The players themselves do play to members of the audience; in this case, one of the male comic leads played to a pretty girl sitting in the front on the grass with her boyfriend. Another feature of these productions is the fact that the audience members bring beverages, which the actors sometimes share. In this production, several of the actors ventured into the audience for alcohol, and worked their responses to the drinks into the production.

LLL is an interesting early comedy of Shakespeare's; as its name implies, it doesn't end in marriage as most of his comedies do. This can lead to an interesting dilemma for actors and directors, in that the humor needs to be kept going, but the ending does not resolve the conflict. These players were especially adept at working that ironic register in the production, while keeping the mood light. The Don Armando character, I think, hit just the right note (the rest of the audience apparently thought so too, since the cast got a good ovation at the end), but the Berowne character ended up being a little too, let's call it "precious," since he's one of the main characters who is supposed to be hopelessly in love with the French ladies.
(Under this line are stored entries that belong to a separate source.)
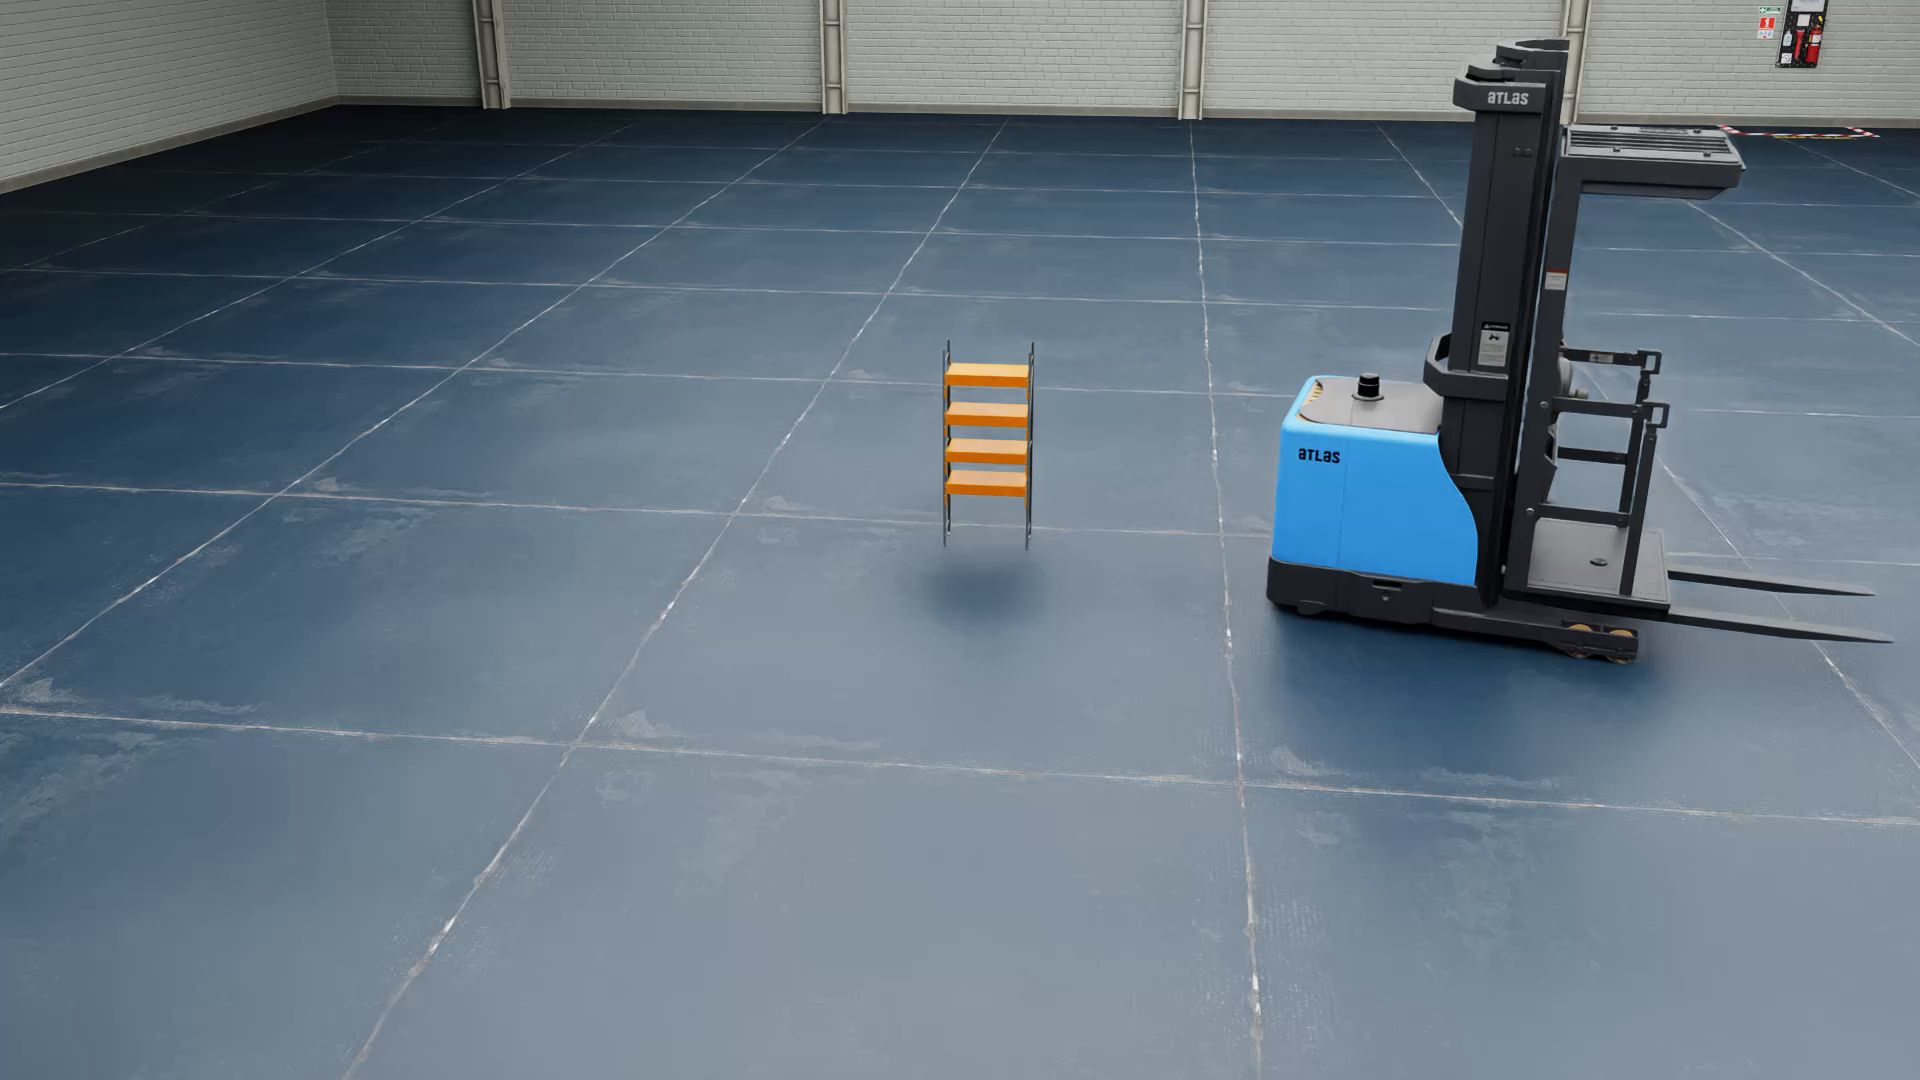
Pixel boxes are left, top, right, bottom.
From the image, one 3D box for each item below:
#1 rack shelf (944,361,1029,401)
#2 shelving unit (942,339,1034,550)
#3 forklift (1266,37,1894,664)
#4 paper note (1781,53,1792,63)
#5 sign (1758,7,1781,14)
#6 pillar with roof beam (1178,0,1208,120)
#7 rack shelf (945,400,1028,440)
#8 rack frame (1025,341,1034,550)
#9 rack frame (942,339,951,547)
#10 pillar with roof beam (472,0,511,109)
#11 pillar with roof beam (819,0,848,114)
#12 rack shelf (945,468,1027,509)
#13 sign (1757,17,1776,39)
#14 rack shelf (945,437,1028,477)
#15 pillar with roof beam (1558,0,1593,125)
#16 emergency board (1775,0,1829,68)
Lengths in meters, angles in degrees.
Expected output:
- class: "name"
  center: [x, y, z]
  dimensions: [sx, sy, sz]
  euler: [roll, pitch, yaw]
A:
- class: "rack shelf"
  center: [0.164, -0.916, 9.557]
  dimensions: [0.480, 0.148, 0.258]
  euler: [2, 22, 6]
- class: "shelving unit"
  center: [0.164, -0.551, 9.701]
  dimensions: [0.503, 1.200, 0.258]
  euler: [2, 22, 6]
- class: "forklift"
  center: [3.226, -0.962, 8.386]
  dimensions: [3.031, 2.935, 1.130]
  euler: [7, 23, 18]
- class: "paper note"
  center: [13.134, -7.653, 26.417]
  dimensions: [0.142, 0.148, 0.016]
  euler: [2, 22, 6]
- class: "sign"
  center: [12.768, -8.351, 26.215]
  dimensions: [0.331, 0.109, 0.001]
  euler: [2, 22, 6]
- class: "pillar with roof beam"
  center: [3.328, -9.647, 22.101]
  dimensions: [0.400, 9.000, 9.100]
  euler: [2, 22, 6]
- class: "rack shelf"
  center: [0.164, -0.696, 9.644]
  dimensions: [0.480, 0.148, 0.258]
  euler: [2, 22, 6]
- class: "rack frame"
  center: [0.407, -0.540, 9.674]
  dimensions: [0.015, 1.200, 0.240]
  euler: [2, 22, 6]
- class: "rack frame"
  center: [-0.078, -0.561, 9.728]
  dimensions: [0.015, 1.200, 0.240]
  euler: [2, 22, 6]
- class: "pillar with roof beam"
  center: [-8.589, -10.166, 23.414]
  dimensions: [0.400, 9.000, 9.100]
  euler: [2, 22, 6]
- class: "pillar with roof beam"
  center: [-2.631, -9.906, 22.757]
  dimensions: [0.400, 9.000, 9.100]
  euler: [2, 22, 6]
- class: "rack shelf"
  center: [0.164, -0.304, 9.799]
  dimensions: [0.480, 0.148, 0.258]
  euler: [2, 22, 6]
- class: "sign"
  center: [12.764, -8.108, 26.321]
  dimensions: [0.234, 0.329, 0.001]
  euler: [2, 22, 6]
- class: "rack shelf"
  center: [0.164, -0.488, 9.726]
  dimensions: [0.480, 0.148, 0.258]
  euler: [2, 22, 6]
- class: "pillar with roof beam"
  center: [9.286, -9.387, 21.444]
  dimensions: [0.400, 9.000, 9.100]
  euler: [2, 22, 6]
- class: "emergency board"
  center: [13.301, -8.030, 26.172]
  dimensions: [0.643, 1.169, 0.194]
  euler: [2, 22, 6]

Outside playing is interesting in another way in Britain--one never knows when it will rain. The performance started out under partly cloudy skies, and remained so until the end. But we did get lightly rained on several times during the performance (lucky Chris and I had brought our rain jackets). The upside to this was about act three, when the players were playing under an evening rainbow, which remained in the sky for at least 15 minutes.

As I say, an excellent production, well-received, then home on bicycles with generator lights, through the club-hopping crowds, under a spectacular fireworks show from the Shakespeare performance at King's College at about 10:15. One takes one's life in one's hands to ride at that time of night, but the fireworks were worth it, almost 4th of July level.